A field experiment applies the scientific method to experimentally examine researcher-designed interventions in real-world environments rather than in a laboratory setting. Field experiments, like lab experiments, generally randomize subjects (or other sampling units) into either treatment or control groups and use information gathered from both groups to test claims of causal relationships. Field experiments allow researchers opportunities to test context-specific hypotheses while minimizing reliance on assumptions. Field experiments are based on the notion that empirical research will show if exogenous variables (also called independent or instrumental variables have an effect on the behavior of data gathered regarding a different (dependent) variable.

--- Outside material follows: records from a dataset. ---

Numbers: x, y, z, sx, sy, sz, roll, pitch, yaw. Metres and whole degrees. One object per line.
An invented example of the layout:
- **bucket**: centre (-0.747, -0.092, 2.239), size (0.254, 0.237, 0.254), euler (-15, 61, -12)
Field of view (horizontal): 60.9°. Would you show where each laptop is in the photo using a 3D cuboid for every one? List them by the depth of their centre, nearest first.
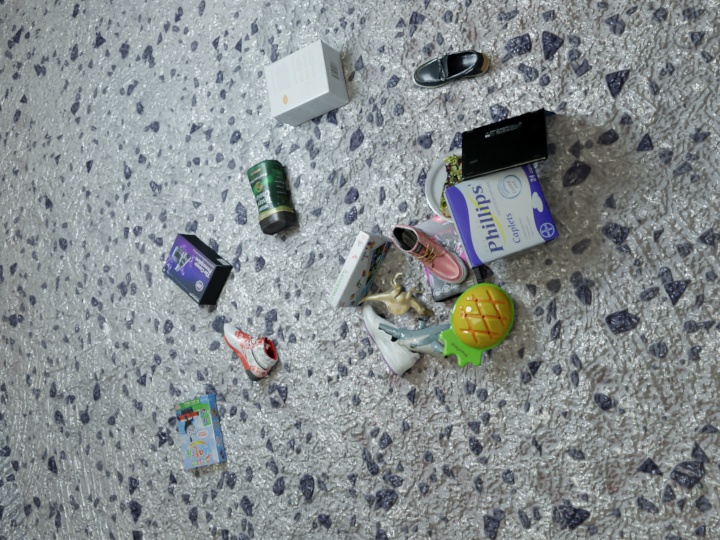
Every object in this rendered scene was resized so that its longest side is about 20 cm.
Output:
- **laptop**: centre (0.330, -0.276, 1.351), size (0.185, 0.116, 0.203), euler (-11, 60, 30)

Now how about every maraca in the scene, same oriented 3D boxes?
- **maraca**: centre (0.266, 0.124, 1.400), size (0.136, 0.107, 0.201), euler (35, 91, 13)

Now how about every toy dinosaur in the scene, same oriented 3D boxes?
- **toy dinosaur**: centre (0.088, 0.060, 1.530), size (0.197, 0.058, 0.102), euler (11, 75, 15)

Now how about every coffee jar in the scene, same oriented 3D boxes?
- **coffee jar**: centre (-0.255, -0.207, 1.756), size (0.103, 0.085, 0.203), euler (-23, 76, 28)

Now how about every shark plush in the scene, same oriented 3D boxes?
- **shark plush**: centre (0.144, 0.156, 1.490), size (0.197, 0.091, 0.084), euler (7, 76, 21)

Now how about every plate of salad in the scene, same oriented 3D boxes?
- **plate of salad**: centre (0.248, -0.206, 1.445), size (0.197, 0.048, 0.203), euler (-6, 69, 15)

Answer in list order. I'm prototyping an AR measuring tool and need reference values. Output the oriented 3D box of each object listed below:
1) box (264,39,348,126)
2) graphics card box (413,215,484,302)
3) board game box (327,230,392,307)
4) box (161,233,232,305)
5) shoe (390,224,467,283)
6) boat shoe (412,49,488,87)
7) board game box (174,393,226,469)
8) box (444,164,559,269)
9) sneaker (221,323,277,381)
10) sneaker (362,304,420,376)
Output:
- **box**: centre (-0.151, -0.513, 1.698), size (0.198, 0.106, 0.155), euler (-15, 80, 29)
- **graphics card box**: centre (0.212, -0.035, 1.485), size (0.124, 0.051, 0.203), euler (-21, 78, 28)
- **board game box**: centre (0.000, 0.000, 1.566), size (0.034, 0.126, 0.202), euler (32, 103, 28)
- **box**: centre (-0.509, -0.004, 1.904), size (0.199, 0.079, 0.142), euler (35, 107, 28)
- **shoe**: centre (0.156, -0.039, 1.436), size (0.200, 0.091, 0.072), euler (42, 108, 27)
- **boat shoe**: centre (0.214, -0.499, 1.504), size (0.198, 0.062, 0.076), euler (-1, 89, 32)
- **board game box**: centre (-0.495, 0.497, 1.887), size (0.150, 0.036, 0.203), euler (-20, 78, 28)
- **box**: centre (0.306, -0.121, 1.351), size (0.198, 0.105, 0.186), euler (-21, 87, 8)
- **sneaker**: centre (-0.317, 0.210, 1.781), size (0.108, 0.067, 0.202), euler (-43, 70, 20)
- **sneaker**: centre (0.078, 0.163, 1.554), size (0.099, 0.075, 0.201), euler (-34, 69, 4)
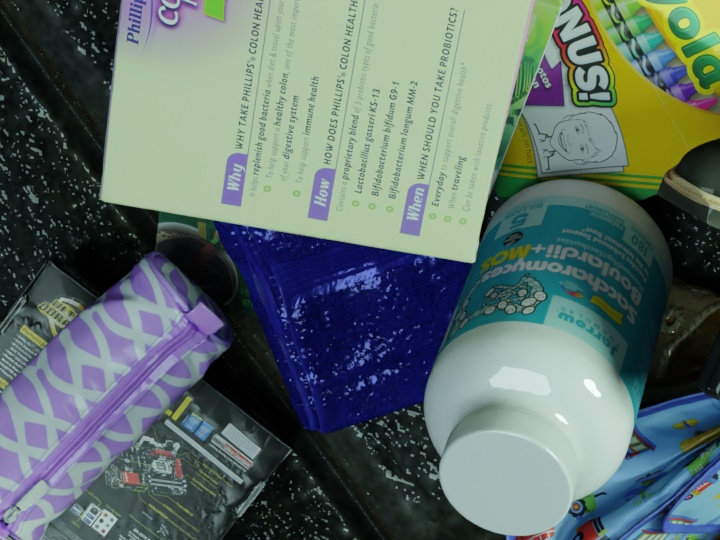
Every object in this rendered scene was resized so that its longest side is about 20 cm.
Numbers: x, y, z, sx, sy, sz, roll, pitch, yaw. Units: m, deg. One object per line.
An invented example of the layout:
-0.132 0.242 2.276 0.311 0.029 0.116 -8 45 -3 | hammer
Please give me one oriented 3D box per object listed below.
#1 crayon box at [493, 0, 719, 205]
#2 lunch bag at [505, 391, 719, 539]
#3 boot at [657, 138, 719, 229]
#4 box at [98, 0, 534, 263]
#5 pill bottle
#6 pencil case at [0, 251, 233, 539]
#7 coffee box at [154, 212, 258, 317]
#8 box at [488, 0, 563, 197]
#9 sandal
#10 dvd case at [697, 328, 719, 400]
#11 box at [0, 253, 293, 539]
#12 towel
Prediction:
0.123 -0.136 1.239 0.172 0.058 0.201 -23 103 32 | crayon box
0.190 0.109 1.271 0.200 0.150 0.095 -34 65 28 | lunch bag
0.240 -0.095 1.136 0.077 0.199 0.139 36 123 34 | boot
-0.021 -0.116 1.136 0.198 0.097 0.177 9 125 -2 | box
0.098 0.048 1.194 0.110 0.200 0.111 9 128 12 | pill bottle
-0.166 0.080 1.372 0.084 0.086 0.200 41 97 -14 | pencil case
-0.059 -0.069 1.366 0.122 0.044 0.201 20 121 15 | coffee box
-0.006 -0.116 1.213 0.199 0.036 0.145 15 125 -7 | box
0.178 0.040 1.293 0.211 0.077 0.070 -25 82 42 | sandal
0.255 0.003 1.149 0.018 0.199 0.143 32 106 37 | dvd case
-0.168 0.114 1.448 0.200 0.049 0.160 37 92 -6 | box
0.000 0.000 1.330 0.147 0.050 0.201 -16 119 10 | towel
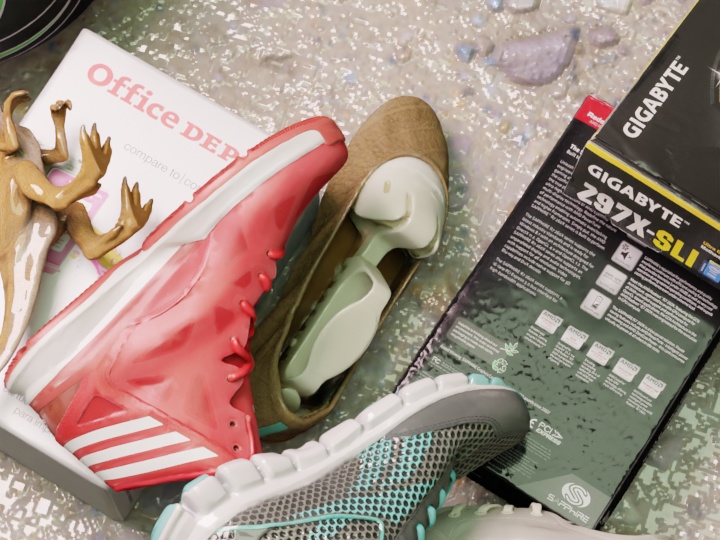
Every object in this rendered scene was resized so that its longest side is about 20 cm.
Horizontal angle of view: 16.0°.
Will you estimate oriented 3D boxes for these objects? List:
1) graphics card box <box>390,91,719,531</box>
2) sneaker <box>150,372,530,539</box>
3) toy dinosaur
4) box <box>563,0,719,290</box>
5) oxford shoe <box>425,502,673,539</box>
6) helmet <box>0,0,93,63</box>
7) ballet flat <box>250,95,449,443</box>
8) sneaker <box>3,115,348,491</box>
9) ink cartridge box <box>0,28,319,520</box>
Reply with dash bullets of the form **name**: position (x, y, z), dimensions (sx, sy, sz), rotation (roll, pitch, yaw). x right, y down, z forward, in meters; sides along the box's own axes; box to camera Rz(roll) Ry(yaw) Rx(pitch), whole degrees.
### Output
- **graphics card box**: position (0.116, 0.025, 1.301), dimensions (0.125, 0.051, 0.200), rotation (31, 75, 9)
- **sneaker**: position (0.004, 0.118, 1.193), dimensions (0.200, 0.078, 0.091), rotation (-24, 67, -25)
- **toy dinosaur**: position (-0.160, -0.019, 1.237), dimensions (0.106, 0.060, 0.201), rotation (-17, 65, 23)
- **box**: position (0.219, -0.069, 1.292), dimensions (0.159, 0.049, 0.200), rotation (34, 53, 8)
- **oxford shoe**: position (0.068, 0.140, 1.241), dimensions (0.199, 0.075, 0.058), rotation (8, 71, 25)
- **helmet**: position (-0.217, -0.193, 1.299), dimensions (0.200, 0.191, 0.200), rotation (24, 41, -23)
- **ballet flat**: position (0.000, 0.000, 1.294), dimensions (0.068, 0.072, 0.200), rotation (38, 75, -22)
- **sneaker**: position (-0.061, 0.026, 1.216), dimensions (0.200, 0.078, 0.116), rotation (-41, 89, 0)
- **ink cartridge box**: position (-0.130, 0.000, 1.294), dimensions (0.144, 0.085, 0.200), rotation (30, 75, 9)
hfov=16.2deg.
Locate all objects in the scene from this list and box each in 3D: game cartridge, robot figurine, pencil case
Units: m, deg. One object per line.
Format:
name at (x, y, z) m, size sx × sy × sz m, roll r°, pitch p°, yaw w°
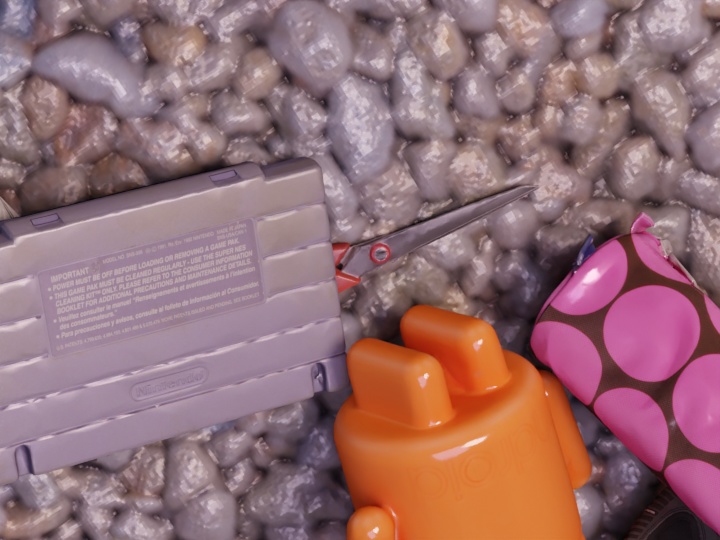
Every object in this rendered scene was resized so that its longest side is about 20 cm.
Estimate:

The term 'field' in 'field experiment' is a defining feature that allows researchers to see how subjects respond to interventions in environments that accurately reflect the distribution of treatment outcomes in the real world. This is in contrast to laboratory experiments, which enforce scientific control by testing a hypothesis in the artificial and highly controlled setting of a laboratory. Field experiments have some contextual differences as well from naturally occurring experiments and quasi-experiments[1]. Where naturally-occurring experiments occur when an external force (e.g. a government, nonprofit, etc.) decides the randomization of sorting subjects into the treatment group, field experiments require researchers to have control over randomization and implementation methods for treatment. Similarly, quasi-experiments occur when no particular entity has the authority to separate groups into treated and control subjects. This includes U.S. Congressional districts where candidates win with slim-margins (as seen in the seemingly random behavior separates near-winners from near losers [2] weather patterns, natural disasters, and other near-random phenomena).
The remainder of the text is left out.